There are several examples of symmetry breaking that are currently being studied. One of the most studied examples is the cortical rotation during Xenopus development, where this rotation acts as the symmetry-breaking event that determines the dorsal-ventral axis of the developing embryo. This example is discussed in more detail below.

Another example that involves symmetry breaking is the establishment of dendrites and axon during neuron development, and the PAR protein network in C. elegans. It is thought that a protein called shootin-1 determines which outgrowth in neurons eventually becomes the axon, as it does this by breaking symmetry and accumulating in only one outgrowth. The PAR protein network works under similar mechanisms, where the certain PAR proteins, which are initially homogenous throughout the cell, break their symmetry and are segregated to different ends of the zygote to establish a polarity during development.

==Cortical rotation==
Cortical rotation is a phenomenon that seems to be limited to Xenopus and few ancient teleosts, however the underlying mechanisms of cortical rotation have conserved elements that are found in other chordates.

A sperm can bind a Xenopus egg at any position of the pigmented animal hemisphere; however, once bound, this position then determines the dorsal side of the animal. The dorsal side of the egg is always directly opposite the sperm entry point.

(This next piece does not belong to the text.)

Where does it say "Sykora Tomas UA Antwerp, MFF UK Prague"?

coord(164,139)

The sperm's centriole acts as an organizing center for the egg's microtubules, which transport the maternal dorsalizing factors, such as wnt11 mRNA, wnt5a mRNA, and Dishevelled protein.

==Molecular mechanisms==

A series of experiments utilizing UV irradiation, cold temperature and pressure (all of which cause microtubule depolymerization) demonstrated that without polymerized microtubules, cortical rotation did not occur and resulted in a mutant ventral phenotype. Another study also revealed that mutant phenotype could be rescued (returned to normal) by physically turning the embryo, thus mimicking cortical rotation and demonstrating that microtubules were not the determinant of dorsal development. From this it was hypothesized that there were other elements within the embryo being moved during cortical rotation.

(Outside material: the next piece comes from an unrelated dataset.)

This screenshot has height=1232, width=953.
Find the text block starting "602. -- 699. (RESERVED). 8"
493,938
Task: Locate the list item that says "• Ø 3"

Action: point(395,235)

To identify these elements, researchers looked for mRNA and protein that demonstrated localization to either the vegetal pole or the dorsal side of the embryo to find candidates. The early candidates for the determinant were β-catenin and disheveled (Dsh). When maternal β-catenin mRNA was degraded in the oocyte, the resulting embryo developed into mutant ventral phenotype and this could be rescued by injecting the fertilized egg with β-catenin mRNA. β-catenin is observed to be enriched in the dorsal side of the embryo following cortical rotation. The Dsh protein was fused to a GFP and tracked during cortical rotation, it was observed to be in vesicles that were couriered along microtubules to the dorsal side. This led researchers to look into other candidates of the Wnt pathway. Wnt 11 was found to be located specifically at the vegetal pole prior to cortical rotation and is moved to the dorsal side where it activates the wnt signaling pathway. VegT, a T-box transcription factor, is localized to the vegetal cortex and upon cortical rotation is released in a gradient fashion into the embryo to regulate mesoderm development. VegT activates Wnt expression, so while not acted on or moved during cortical rotation, it is active in dorsal-ventral axis formation.

The question still remains, how are these molecules being moved to the dorsal side? This is still not completely known, however evidence suggests that microtubule bundles within the cortex are interacting with kinesin (plus-end directed) motors to become organized into parallel arrays within the cortex and this motion of the motors is the cause of the rotation of the cortex. Also unclear is whether Wnt 11 is the main dorsal determinant or is β-catenin also required, as these two molecules have both been demonstrated to be necessary and sufficient for dorsal development. This along with all of the other factors are important for activating Nodal genes that propagate normal dorsoventral development.